Project 7 - Diane Angell - Small Mammals and Prairies
Next summer we will continue projects trapping small mammals in remnant and restored prairies in and around Northfield. Prairies are one of our most endangered biomes and small mammals play crucial roles as predators, prey, seed dispersers and grazers.
We will have several goals this summer. We will trap at multiple locations to look at the species composition of remnant and restored prairies. We will explore the food resources that different species of small prairie mammals rely on by using stable isotope analysis of fur clippings. Finally we will continue to focus on the prairie vole (Microtus ochrogaster), a species categorized by the state of Minnesota as a species of special concern. The prairie vole has disappeared from much of southern Minnesota as prairie has been converted to cultivated land. Remaining populations are essentially isolated on small patches of prairie remnants. Research students need to be independent and motivated! Evenings setting traps and early morning trap checks are required.

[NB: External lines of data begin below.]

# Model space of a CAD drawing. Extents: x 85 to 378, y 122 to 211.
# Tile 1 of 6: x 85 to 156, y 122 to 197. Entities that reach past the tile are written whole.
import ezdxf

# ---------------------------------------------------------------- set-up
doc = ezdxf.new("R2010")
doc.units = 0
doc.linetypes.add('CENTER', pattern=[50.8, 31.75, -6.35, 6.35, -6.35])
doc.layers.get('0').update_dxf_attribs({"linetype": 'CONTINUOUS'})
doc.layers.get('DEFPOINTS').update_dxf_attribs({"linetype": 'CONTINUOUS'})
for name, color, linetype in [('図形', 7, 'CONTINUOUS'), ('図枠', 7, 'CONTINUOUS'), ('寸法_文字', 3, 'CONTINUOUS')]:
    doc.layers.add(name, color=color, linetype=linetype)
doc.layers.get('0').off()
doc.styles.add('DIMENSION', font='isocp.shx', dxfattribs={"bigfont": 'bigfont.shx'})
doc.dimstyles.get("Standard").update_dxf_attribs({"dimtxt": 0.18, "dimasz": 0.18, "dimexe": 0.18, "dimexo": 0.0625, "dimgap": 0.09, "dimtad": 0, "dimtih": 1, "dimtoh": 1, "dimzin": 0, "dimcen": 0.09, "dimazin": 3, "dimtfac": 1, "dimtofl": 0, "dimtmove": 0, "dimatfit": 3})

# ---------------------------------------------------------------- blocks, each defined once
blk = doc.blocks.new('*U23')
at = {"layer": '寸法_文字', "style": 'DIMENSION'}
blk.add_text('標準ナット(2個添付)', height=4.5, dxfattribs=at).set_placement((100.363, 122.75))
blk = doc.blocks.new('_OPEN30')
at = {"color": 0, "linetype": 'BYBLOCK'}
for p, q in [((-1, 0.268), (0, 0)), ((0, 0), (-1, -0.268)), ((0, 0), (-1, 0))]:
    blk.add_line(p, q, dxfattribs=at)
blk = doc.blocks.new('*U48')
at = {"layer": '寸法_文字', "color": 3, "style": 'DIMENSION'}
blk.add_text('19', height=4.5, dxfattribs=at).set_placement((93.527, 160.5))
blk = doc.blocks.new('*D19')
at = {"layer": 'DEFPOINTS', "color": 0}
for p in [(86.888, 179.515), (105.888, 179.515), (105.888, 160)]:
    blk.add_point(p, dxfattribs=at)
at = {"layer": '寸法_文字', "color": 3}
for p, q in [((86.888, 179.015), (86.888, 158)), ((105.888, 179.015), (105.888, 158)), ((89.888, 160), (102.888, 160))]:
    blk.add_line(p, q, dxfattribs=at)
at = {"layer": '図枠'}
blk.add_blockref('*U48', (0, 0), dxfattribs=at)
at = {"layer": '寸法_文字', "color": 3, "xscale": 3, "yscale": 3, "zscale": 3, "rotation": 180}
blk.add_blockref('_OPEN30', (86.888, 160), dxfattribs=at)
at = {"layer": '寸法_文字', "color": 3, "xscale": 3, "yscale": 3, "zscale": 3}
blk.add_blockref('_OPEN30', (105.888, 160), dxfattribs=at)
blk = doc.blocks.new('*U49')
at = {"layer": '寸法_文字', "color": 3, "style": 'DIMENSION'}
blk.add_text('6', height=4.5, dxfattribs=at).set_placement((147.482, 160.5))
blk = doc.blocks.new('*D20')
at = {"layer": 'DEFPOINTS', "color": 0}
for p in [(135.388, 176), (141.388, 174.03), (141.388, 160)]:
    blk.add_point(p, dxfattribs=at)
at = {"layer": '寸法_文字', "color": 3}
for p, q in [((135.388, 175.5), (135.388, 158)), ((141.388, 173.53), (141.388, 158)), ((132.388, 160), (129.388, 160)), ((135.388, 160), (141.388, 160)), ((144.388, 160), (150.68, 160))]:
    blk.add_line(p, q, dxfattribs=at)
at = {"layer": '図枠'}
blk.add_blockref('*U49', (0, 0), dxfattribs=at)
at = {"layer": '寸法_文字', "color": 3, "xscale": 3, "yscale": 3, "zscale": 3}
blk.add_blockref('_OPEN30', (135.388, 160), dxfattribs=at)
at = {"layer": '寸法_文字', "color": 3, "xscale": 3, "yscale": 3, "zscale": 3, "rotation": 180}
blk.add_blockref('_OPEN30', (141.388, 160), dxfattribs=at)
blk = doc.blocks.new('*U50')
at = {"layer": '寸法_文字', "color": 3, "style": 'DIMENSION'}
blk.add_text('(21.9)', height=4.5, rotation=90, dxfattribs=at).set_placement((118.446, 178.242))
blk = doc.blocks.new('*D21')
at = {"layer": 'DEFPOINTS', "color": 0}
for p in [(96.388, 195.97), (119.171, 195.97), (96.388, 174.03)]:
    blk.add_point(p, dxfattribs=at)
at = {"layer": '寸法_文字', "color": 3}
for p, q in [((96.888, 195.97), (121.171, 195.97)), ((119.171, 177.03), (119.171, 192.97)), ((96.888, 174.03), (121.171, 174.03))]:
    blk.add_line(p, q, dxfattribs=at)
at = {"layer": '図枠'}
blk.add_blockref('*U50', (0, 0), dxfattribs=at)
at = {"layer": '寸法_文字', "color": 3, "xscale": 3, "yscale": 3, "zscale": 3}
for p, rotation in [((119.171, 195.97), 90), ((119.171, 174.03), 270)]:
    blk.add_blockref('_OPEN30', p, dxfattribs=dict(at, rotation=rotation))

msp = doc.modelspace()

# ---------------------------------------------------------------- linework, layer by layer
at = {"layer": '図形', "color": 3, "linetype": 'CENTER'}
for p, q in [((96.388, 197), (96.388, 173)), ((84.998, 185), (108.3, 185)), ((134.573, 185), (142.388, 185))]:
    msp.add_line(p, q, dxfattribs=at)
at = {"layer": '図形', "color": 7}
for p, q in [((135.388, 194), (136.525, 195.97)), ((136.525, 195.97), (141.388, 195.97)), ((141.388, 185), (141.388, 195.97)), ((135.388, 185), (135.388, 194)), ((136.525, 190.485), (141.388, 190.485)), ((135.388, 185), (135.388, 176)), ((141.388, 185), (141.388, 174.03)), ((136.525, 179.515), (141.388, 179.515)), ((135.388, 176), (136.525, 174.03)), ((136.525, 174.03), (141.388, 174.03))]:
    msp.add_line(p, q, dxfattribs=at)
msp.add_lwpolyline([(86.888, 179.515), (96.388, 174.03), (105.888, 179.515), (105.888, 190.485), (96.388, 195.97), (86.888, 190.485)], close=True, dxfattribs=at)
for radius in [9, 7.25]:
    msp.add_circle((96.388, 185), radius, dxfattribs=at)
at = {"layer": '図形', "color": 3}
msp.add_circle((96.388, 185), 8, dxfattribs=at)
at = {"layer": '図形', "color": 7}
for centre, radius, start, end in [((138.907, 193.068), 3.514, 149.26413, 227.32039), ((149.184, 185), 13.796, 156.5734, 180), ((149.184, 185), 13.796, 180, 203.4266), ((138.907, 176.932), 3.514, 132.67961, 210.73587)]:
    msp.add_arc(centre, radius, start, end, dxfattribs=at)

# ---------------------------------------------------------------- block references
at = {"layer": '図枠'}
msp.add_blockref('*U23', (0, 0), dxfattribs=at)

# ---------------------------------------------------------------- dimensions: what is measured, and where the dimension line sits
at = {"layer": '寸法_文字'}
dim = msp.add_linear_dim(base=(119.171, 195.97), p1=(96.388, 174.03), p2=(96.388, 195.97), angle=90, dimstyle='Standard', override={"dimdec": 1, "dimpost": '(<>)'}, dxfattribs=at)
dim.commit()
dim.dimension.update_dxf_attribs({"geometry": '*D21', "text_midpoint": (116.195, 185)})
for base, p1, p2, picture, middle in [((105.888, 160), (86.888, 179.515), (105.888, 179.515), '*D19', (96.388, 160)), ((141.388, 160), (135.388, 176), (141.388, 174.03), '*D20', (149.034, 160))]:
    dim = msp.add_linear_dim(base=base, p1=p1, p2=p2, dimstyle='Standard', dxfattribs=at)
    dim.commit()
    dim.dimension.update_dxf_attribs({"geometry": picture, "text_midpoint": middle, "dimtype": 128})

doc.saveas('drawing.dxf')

Project 8 - Diane Angell - Biodiversity and Sustainable Agriculture
This project will be the start of a large collaborative group working on longer term research related to sustainable agriculture in and around Northfield. Understanding and quantifying the effects of different agricultural practices on biodiversity continues to be important as farmers and government entities consider the costs and benefits of these practices. We will collaborate with other St. Olaf faculty to compare the pollinator, bird and small mammal diversity on different farms. Pollinator surveys will focus on bumblebees (Bombus spp.) and will follow up on surveys conducted during the summer and fall of 2011. Birds will be surveyed visually and small mammals will be live trapped. A knowledge of area birds and a willingness to learn the different Minnesota bumblebees will be important. Research students also need to be flexible and comfortable working with a variety of people with different backgrounds as they interact with local farmers.